View Full Version : mencoder question: Crop and Add Borders
JoeBG
9th November 2007, 17:52
Hi,
I fighting in the moment with the possibilities to crop a video and the finally add the borders.
I understood the part with the crop but did not find very much about the Add Borders part. It seem sto be easy in ffmpeg with "pad Top" but how is this working with mencoder?
The only thing I found was
-expand=w:h
But I did not get the usage. I understood to use the original size of the video (e. g. 720.576). Is this correct?
nm
9th November 2007, 18:37
The expand filter is exactly what you need to use. For example to crop a 320x240 area from the center of the frame and then add 32-pixel borders to left and right, and 64-pixel borders to top and bottom, you could use this filter chain:-vf crop=320:240,expand=-64:-128:32:64
The manual page (http://www.mplayerhq.hu/DOCS/man/en/mplayer.1.html) defines all these parameters quite clearly, if you take the time to read and understand it. Use MPlayer to test the filter chain on your source video before encoding with MEncoder.
Why exactly do you want to add borders?
JoeBG
10th November 2007, 09:02
The expand filter is exactly what you need to use. For example to crop a 320x240 area from the center of the frame and then add 32-pixel borders to left and right, and 64-pixel borders to top and bottom, you could use this filter chain:-vf crop=320:240,expand=-64:-128:32:64
The manual page (http://www.mplayerhq.hu/DOCS/man/en/mplayer.1.html) defines all these parameters quite clearly, if you take the time to read and understand it. Use MPlayer to test the filter chain on your source video before encoding with MEncoder.

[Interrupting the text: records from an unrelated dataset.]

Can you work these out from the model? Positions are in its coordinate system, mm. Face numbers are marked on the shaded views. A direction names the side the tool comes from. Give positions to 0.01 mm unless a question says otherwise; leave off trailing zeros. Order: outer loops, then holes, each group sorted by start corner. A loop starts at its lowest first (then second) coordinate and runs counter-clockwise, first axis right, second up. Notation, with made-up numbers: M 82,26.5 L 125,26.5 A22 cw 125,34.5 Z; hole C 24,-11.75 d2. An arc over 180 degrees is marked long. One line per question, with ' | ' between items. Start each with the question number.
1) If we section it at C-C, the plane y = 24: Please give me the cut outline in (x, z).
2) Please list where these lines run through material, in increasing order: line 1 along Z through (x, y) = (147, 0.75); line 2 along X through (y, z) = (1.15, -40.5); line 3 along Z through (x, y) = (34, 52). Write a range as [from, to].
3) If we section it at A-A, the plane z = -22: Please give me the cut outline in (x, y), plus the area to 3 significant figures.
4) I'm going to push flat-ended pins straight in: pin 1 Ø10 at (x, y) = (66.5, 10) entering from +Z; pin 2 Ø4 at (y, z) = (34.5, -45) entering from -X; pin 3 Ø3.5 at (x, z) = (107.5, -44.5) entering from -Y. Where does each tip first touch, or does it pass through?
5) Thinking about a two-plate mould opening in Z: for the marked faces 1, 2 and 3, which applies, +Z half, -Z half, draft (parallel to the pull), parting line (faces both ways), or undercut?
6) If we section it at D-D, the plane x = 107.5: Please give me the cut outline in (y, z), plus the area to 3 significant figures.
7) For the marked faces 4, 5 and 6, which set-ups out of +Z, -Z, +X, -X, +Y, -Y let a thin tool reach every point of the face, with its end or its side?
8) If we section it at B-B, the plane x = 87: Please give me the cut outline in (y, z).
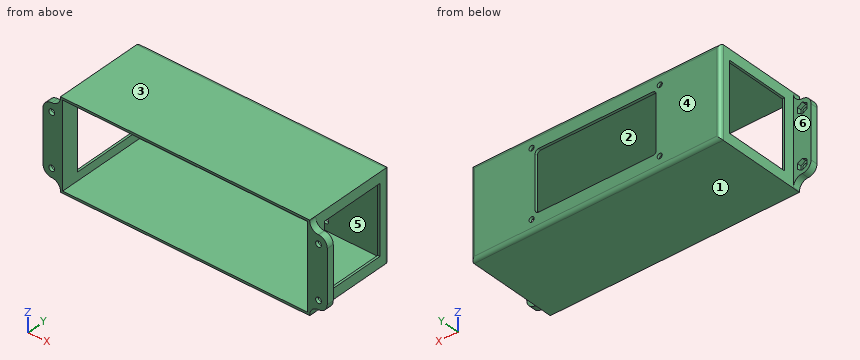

Why exactly do you want to add borders?
I just want to do it like in Avisynth. When I crop, I have to add borders. Is this different here from Avisynth?
nm
10th November 2007, 13:58
You don't need to add borders unless you want to have them in the resulting video. Usually that is a bad idea because encoding them will take relatively large amounts of bitrate when compared to an encode of same quality without black borders. If the reason for adding borders is to get a specific output resolution after cropping (mod-16 or something like PAL 720x576), you would be much better off by scaling the video to the target resolution, for example: -vf crop=696:564,scale=720:576 (and perhaps use the -sws parameter to select a suitable scaler, such as lanczos).
The only cases I can think of where borders make sense would be DVD-compatible encoding when the aspect ratio is not 4:3 or 16:9 (letterboxing), or using a black space below the video for hard subtitles.